◆ **Problem requirements**
Find every line in the records below that holds the word "from", and copy it out.

◆ **Supplied material**

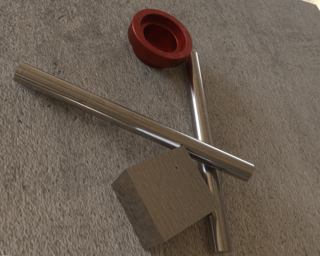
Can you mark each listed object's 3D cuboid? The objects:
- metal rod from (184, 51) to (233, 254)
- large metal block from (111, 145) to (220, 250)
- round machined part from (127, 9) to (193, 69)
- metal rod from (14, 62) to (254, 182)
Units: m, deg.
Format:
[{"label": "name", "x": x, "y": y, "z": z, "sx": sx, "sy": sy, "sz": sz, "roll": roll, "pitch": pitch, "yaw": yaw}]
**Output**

◆ **Reply**
- metal rod from (184, 51) to (233, 254)
- large metal block from (111, 145) to (220, 250)
- round machined part from (127, 9) to (193, 69)
- metal rod from (14, 62) to (254, 182)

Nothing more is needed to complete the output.